**RECORD EXTRACTS**
◆ ◆ ◆
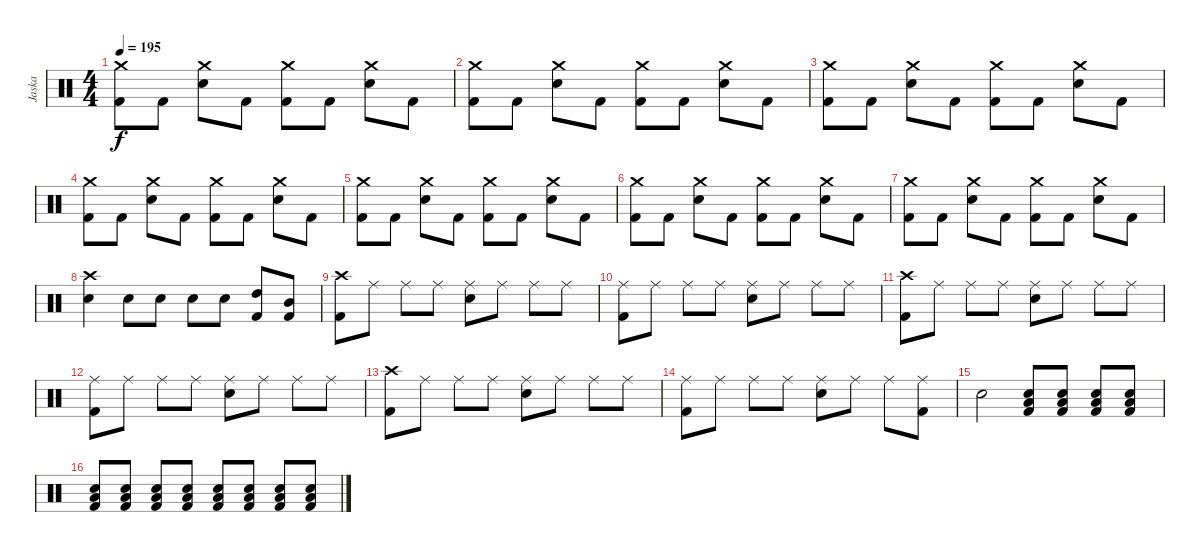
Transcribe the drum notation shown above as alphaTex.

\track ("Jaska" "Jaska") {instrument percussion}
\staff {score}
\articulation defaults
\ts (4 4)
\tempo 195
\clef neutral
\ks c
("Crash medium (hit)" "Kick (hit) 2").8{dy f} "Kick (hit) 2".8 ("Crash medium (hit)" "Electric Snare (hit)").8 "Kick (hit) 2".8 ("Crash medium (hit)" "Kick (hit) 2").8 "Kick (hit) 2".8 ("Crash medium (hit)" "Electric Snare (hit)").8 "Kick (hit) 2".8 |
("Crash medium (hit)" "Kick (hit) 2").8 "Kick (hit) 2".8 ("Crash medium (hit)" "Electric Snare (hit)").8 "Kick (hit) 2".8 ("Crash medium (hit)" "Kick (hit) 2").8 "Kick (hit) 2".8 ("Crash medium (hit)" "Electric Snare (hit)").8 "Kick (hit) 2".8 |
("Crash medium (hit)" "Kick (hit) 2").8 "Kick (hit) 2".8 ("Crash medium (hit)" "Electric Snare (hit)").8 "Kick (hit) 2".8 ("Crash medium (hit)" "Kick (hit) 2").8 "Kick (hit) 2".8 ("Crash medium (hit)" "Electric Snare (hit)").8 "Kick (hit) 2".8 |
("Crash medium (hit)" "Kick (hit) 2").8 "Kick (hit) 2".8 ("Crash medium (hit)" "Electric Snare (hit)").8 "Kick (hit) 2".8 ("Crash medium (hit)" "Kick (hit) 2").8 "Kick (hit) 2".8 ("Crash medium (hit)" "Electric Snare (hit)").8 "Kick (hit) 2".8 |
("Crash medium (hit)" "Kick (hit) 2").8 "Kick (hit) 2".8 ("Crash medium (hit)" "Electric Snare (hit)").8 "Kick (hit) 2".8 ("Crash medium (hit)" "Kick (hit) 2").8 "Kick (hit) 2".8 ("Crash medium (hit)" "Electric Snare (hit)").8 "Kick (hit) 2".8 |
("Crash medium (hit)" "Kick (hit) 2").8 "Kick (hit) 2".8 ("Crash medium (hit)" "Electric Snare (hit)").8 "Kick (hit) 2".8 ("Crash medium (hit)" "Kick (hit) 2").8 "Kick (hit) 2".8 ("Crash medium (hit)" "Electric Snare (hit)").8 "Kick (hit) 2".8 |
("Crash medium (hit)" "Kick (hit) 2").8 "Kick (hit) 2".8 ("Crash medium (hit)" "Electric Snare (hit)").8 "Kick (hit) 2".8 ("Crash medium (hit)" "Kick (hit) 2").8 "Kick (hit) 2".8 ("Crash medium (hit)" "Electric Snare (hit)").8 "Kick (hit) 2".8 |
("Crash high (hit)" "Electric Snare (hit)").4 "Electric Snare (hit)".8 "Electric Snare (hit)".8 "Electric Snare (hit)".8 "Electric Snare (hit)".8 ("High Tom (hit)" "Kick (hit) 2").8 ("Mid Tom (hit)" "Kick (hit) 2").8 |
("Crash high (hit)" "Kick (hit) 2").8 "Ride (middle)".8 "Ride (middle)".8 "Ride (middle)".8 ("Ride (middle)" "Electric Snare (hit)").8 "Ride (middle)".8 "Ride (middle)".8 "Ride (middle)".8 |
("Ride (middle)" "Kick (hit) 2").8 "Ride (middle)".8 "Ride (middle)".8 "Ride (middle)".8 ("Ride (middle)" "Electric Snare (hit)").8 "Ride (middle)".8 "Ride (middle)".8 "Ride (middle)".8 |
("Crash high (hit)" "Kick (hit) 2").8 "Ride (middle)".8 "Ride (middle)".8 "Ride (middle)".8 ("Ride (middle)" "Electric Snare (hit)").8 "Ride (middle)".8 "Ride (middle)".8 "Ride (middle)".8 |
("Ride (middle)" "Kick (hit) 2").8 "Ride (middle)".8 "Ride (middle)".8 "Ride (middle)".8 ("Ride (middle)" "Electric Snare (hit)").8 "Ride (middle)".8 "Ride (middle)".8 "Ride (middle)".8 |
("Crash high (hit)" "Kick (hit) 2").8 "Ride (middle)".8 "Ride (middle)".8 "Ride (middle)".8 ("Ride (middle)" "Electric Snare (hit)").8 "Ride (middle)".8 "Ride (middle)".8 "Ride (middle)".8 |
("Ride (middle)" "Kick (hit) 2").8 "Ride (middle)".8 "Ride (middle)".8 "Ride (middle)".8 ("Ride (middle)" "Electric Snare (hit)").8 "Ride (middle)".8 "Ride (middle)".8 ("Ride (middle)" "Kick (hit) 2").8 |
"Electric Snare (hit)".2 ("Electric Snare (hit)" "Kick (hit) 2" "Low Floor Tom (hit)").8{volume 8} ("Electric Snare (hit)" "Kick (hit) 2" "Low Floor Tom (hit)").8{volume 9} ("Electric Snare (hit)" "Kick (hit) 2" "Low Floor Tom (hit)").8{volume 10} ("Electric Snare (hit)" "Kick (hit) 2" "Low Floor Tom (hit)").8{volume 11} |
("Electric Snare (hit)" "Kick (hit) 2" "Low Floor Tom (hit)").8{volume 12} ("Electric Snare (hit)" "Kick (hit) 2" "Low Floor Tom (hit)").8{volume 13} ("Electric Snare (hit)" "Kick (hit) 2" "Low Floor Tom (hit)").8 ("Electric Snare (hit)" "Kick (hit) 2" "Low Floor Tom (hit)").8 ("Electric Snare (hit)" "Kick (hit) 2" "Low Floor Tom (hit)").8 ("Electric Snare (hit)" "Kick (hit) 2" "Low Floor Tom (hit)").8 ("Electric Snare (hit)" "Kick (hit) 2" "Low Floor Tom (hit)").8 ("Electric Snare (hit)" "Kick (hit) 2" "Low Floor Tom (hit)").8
◆ ◆ ◆
**YOUR OBJECTIVE**
From the material above, output every line exactly as written, dropping any picture.

**EXERCISE RESPONSE**
Transcribe the drum notation shown above as alphaTex.

\track ("Jaska" "Jaska") {instrument percussion}
\staff {score}
\articulation defaults
\ts (4 4)
\tempo 195
\clef neutral
\ks c
("Crash medium (hit)" "Kick (hit) 2").8{dy f} "Kick (hit) 2".8 ("Crash medium (hit)" "Electric Snare (hit)").8 "Kick (hit) 2".8 ("Crash medium (hit)" "Kick (hit) 2").8 "Kick (hit) 2".8 ("Crash medium (hit)" "Electric Snare (hit)").8 "Kick (hit) 2".8 |
("Crash medium (hit)" "Kick (hit) 2").8 "Kick (hit) 2".8 ("Crash medium (hit)" "Electric Snare (hit)").8 "Kick (hit) 2".8 ("Crash medium (hit)" "Kick (hit) 2").8 "Kick (hit) 2".8 ("Crash medium (hit)" "Electric Snare (hit)").8 "Kick (hit) 2".8 |
("Crash medium (hit)" "Kick (hit) 2").8 "Kick (hit) 2".8 ("Crash medium (hit)" "Electric Snare (hit)").8 "Kick (hit) 2".8 ("Crash medium (hit)" "Kick (hit) 2").8 "Kick (hit) 2".8 ("Crash medium (hit)" "Electric Snare (hit)").8 "Kick (hit) 2".8 |
("Crash medium (hit)" "Kick (hit) 2").8 "Kick (hit) 2".8 ("Crash medium (hit)" "Electric Snare (hit)").8 "Kick (hit) 2".8 ("Crash medium (hit)" "Kick (hit) 2").8 "Kick (hit) 2".8 ("Crash medium (hit)" "Electric Snare (hit)").8 "Kick (hit) 2".8 |
("Crash medium (hit)" "Kick (hit) 2").8 "Kick (hit) 2".8 ("Crash medium (hit)" "Electric Snare (hit)").8 "Kick (hit) 2".8 ("Crash medium (hit)" "Kick (hit) 2").8 "Kick (hit) 2".8 ("Crash medium (hit)" "Electric Snare (hit)").8 "Kick (hit) 2".8 |
("Crash medium (hit)" "Kick (hit) 2").8 "Kick (hit) 2".8 ("Crash medium (hit)" "Electric Snare (hit)").8 "Kick (hit) 2".8 ("Crash medium (hit)" "Kick (hit) 2").8 "Kick (hit) 2".8 ("Crash medium (hit)" "Electric Snare (hit)").8 "Kick (hit) 2".8 |
("Crash medium (hit)" "Kick (hit) 2").8 "Kick (hit) 2".8 ("Crash medium (hit)" "Electric Snare (hit)").8 "Kick (hit) 2".8 ("Crash medium (hit)" "Kick (hit) 2").8 "Kick (hit) 2".8 ("Crash medium (hit)" "Electric Snare (hit)").8 "Kick (hit) 2".8 |
("Crash high (hit)" "Electric Snare (hit)").4 "Electric Snare (hit)".8 "Electric Snare (hit)".8 "Electric Snare (hit)".8 "Electric Snare (hit)".8 ("High Tom (hit)" "Kick (hit) 2").8 ("Mid Tom (hit)" "Kick (hit) 2").8 |
("Crash high (hit)" "Kick (hit) 2").8 "Ride (middle)".8 "Ride (middle)".8 "Ride (middle)".8 ("Ride (middle)" "Electric Snare (hit)").8 "Ride (middle)".8 "Ride (middle)".8 "Ride (middle)".8 |
("Ride (middle)" "Kick (hit) 2").8 "Ride (middle)".8 "Ride (middle)".8 "Ride (middle)".8 ("Ride (middle)" "Electric Snare (hit)").8 "Ride (middle)".8 "Ride (middle)".8 "Ride (middle)".8 |
("Crash high (hit)" "Kick (hit) 2").8 "Ride (middle)".8 "Ride (middle)".8 "Ride (middle)".8 ("Ride (middle)" "Electric Snare (hit)").8 "Ride (middle)".8 "Ride (middle)".8 "Ride (middle)".8 |
("Ride (middle)" "Kick (hit) 2").8 "Ride (middle)".8 "Ride (middle)".8 "Ride (middle)".8 ("Ride (middle)" "Electric Snare (hit)").8 "Ride (middle)".8 "Ride (middle)".8 "Ride (middle)".8 |
("Crash high (hit)" "Kick (hit) 2").8 "Ride (middle)".8 "Ride (middle)".8 "Ride (middle)".8 ("Ride (middle)" "Electric Snare (hit)").8 "Ride (middle)".8 "Ride (middle)".8 "Ride (middle)".8 |
("Ride (middle)" "Kick (hit) 2").8 "Ride (middle)".8 "Ride (middle)".8 "Ride (middle)".8 ("Ride (middle)" "Electric Snare (hit)").8 "Ride (middle)".8 "Ride (middle)".8 ("Ride (middle)" "Kick (hit) 2").8 |
"Electric Snare (hit)".2 ("Electric Snare (hit)" "Kick (hit) 2" "Low Floor Tom (hit)").8{volume 8} ("Electric Snare (hit)" "Kick (hit) 2" "Low Floor Tom (hit)").8{volume 9} ("Electric Snare (hit)" "Kick (hit) 2" "Low Floor Tom (hit)").8{volume 10} ("Electric Snare (hit)" "Kick (hit) 2" "Low Floor Tom (hit)").8{volume 11} |
("Electric Snare (hit)" "Kick (hit) 2" "Low Floor Tom (hit)").8{volume 12} ("Electric Snare (hit)" "Kick (hit) 2" "Low Floor Tom (hit)").8{volume 13} ("Electric Snare (hit)" "Kick (hit) 2" "Low Floor Tom (hit)").8 ("Electric Snare (hit)" "Kick (hit) 2" "Low Floor Tom (hit)").8 ("Electric Snare (hit)" "Kick (hit) 2" "Low Floor Tom (hit)").8 ("Electric Snare (hit)" "Kick (hit) 2" "Low Floor Tom (hit)").8 ("Electric Snare (hit)" "Kick (hit) 2" "Low Floor Tom (hit)").8 ("Electric Snare (hit)" "Kick (hit) 2" "Low Floor Tom (hit)").8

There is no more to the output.